Sait-on que, généralement dédaigné par une certaine gauche, Groulx n'est guère davantage prisé d'une certaine droite qui lui reproche, entre autres «travers», un conservatisme trop tiède, de trop forts penchants libéraux (au sens philosophique du terme), une sorte de crypto-républicanisme et, surtout, un anticolonialisme de fort mauvais goût ? Assez ahurissant et à peine croyable, pensez-vous ? C'est pourtant ce que j'ai récemment découvert sur le site Internet d'une secte catholique se réclamant de l'abbé de Nantes, la Contre-Réforme catholique au XXIe siècle. Il s'agit de nostalgiques de l'Église telle qu'elle était avant Vatican II. Je vous le jure, ces gens-là n'aiment guère Lionel Groulx, ni l'École historique de Montréal, ni le mouvement indépendantiste en général. Ils ont au moins cela en commun avec la droite néolibérale, dont par ailleurs ils se démarquent sur bien d'autres questions. Bien sûr, tout ce qu'ils reprochent à Groulx correspond à ce qui me rend notre grand historien national des plus sympathiques.
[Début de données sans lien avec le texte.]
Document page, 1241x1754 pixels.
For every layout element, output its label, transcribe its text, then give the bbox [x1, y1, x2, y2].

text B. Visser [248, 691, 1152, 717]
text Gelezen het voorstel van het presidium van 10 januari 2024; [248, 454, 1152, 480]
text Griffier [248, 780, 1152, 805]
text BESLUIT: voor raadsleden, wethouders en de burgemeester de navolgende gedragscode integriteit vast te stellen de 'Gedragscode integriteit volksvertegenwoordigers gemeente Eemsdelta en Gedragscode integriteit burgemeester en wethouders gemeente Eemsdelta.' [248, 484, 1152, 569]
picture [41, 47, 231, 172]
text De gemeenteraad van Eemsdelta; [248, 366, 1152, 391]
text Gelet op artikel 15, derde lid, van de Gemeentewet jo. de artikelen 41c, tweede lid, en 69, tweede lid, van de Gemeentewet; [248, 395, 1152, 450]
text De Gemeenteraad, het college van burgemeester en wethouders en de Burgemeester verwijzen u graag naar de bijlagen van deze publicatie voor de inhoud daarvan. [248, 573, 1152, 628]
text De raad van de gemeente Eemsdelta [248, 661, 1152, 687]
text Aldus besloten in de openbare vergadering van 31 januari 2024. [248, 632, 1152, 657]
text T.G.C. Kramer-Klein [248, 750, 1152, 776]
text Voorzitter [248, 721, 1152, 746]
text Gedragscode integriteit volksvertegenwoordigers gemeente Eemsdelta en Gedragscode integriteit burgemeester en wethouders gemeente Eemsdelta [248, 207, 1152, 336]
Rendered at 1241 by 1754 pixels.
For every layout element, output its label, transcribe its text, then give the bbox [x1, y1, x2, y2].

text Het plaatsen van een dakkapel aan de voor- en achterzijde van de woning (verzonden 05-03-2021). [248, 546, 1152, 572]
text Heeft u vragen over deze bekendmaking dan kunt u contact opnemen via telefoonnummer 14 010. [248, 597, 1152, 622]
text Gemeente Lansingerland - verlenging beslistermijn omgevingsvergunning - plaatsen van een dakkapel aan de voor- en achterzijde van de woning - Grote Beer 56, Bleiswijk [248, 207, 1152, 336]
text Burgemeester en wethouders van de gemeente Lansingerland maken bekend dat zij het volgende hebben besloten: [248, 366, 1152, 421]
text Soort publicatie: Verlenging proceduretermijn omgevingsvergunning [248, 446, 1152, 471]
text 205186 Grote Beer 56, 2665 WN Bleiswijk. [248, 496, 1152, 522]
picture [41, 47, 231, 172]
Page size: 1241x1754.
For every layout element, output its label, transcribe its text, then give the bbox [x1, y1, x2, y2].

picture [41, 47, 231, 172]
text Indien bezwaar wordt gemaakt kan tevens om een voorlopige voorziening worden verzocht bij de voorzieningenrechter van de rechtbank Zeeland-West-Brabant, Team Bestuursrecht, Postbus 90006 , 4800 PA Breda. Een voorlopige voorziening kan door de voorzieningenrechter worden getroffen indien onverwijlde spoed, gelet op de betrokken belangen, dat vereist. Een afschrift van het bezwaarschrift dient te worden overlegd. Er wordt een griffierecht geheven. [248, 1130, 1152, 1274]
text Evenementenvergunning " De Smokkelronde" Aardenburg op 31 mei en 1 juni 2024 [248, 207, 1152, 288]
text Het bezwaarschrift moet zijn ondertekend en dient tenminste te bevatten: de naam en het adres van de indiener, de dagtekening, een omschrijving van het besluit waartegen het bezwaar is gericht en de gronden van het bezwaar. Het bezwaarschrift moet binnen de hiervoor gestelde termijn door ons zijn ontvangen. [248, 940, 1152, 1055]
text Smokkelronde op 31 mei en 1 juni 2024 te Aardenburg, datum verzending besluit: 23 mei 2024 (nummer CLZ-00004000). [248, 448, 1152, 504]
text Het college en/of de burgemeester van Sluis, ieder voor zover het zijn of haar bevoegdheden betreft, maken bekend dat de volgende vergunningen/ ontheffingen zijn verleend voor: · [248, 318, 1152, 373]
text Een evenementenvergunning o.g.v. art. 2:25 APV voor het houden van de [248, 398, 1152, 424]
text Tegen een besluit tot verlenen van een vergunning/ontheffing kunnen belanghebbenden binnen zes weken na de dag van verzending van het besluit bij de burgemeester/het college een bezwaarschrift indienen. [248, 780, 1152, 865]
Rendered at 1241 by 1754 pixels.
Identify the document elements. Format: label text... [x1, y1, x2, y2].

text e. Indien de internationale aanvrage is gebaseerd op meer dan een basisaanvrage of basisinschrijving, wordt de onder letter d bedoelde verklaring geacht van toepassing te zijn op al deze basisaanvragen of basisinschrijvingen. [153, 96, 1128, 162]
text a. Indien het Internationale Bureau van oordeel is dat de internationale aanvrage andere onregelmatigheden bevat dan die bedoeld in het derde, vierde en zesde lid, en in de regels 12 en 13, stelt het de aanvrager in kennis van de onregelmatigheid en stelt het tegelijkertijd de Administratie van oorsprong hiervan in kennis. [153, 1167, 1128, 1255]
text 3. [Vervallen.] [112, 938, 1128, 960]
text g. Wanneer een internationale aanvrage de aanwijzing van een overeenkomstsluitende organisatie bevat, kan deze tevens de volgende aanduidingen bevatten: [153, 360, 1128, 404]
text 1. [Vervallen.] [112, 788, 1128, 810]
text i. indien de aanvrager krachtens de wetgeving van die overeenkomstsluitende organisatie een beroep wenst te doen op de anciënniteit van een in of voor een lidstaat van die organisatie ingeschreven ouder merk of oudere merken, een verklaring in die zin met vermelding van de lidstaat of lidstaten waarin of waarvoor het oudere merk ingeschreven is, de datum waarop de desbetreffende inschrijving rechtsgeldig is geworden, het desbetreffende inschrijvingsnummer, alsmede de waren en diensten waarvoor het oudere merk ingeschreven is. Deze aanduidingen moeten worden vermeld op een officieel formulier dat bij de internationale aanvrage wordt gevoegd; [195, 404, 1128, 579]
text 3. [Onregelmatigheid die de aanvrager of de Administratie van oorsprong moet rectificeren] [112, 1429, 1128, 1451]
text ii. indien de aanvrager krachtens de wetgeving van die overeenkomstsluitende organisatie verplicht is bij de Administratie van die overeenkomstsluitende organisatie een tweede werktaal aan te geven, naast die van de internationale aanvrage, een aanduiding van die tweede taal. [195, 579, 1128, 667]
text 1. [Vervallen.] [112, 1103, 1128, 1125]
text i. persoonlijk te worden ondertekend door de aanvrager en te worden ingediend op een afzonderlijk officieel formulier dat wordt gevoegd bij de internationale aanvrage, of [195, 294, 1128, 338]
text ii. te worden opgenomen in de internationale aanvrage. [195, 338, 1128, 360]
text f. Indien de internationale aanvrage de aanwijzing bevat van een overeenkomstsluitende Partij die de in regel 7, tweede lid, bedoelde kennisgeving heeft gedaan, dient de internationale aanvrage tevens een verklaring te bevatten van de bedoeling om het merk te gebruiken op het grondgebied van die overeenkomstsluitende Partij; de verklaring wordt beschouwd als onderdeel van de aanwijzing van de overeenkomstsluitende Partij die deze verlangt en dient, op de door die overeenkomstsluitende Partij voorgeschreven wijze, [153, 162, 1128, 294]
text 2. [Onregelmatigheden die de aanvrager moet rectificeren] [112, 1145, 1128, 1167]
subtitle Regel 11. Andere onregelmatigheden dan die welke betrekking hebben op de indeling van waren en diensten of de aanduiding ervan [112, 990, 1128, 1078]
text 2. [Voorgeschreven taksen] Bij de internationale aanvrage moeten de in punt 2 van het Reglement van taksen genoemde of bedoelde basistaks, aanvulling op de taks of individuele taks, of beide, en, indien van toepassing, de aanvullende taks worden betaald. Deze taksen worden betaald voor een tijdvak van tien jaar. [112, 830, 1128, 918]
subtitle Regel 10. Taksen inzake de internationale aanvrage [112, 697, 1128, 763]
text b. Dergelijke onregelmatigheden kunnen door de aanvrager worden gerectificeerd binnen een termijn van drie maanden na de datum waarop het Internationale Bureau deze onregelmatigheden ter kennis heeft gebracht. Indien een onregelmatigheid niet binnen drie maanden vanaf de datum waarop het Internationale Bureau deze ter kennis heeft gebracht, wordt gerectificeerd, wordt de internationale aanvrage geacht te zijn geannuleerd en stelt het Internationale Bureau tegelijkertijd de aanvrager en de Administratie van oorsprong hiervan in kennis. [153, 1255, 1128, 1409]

Ainsi donc, si je rejette leur critique de Groulx, j'estime qu'ils ont quand même l'immense mérite de l'avoir, eux, extrêmement bien lu.

Si je signale l'existence de cette droite ultra-catholique antigroulxiste et quand même assez marginale, ce n'est pas seulement parce que c'est amusant, c'est surtout pour démolir certains mythes qui ont toujours cours contre Lionel Groulx et pour, du même coup, aider certains indépendantistes de gauche, dont je suis, à bien distinguer entre les diverses variétés de la droite et à bien cibler celle sur laquelle il importe de tirer sans ménagements : la droite néolibérale.

Quant à la droite nostalgique du terroir, laquelle a ses propres divisions internes, il importe de ne pas s'en moquer au point de la voir, contre toute logique, s'allier à cela même, le néolibéralisme, qui, plus que tout, et de concert avec le fédéralisme, détruit ce dont elle a la nostalgie. Du reste, l'écologisme, que l'on a l'habitude de classer à gauche, ne nourrit-il pas, lui aussi, une fort respectable nostalgie du terroir ?

Un terroir qui vaut certes mieux que la jungle high tech des ultra-capitalistes à la Randt, Hayeck, Friedman et cie.

Bref, en tant qu'indépendantiste de gauche, je dis volontiers : Vive l'anticolonialiste Groulx ! Ce Groulx qui n'a rien, mais alors là rien à voir, ni de près ni de loin, avec une Randt et ses disciples du cru.

Je le répète : étudions un peu et tâchons de bien discerner.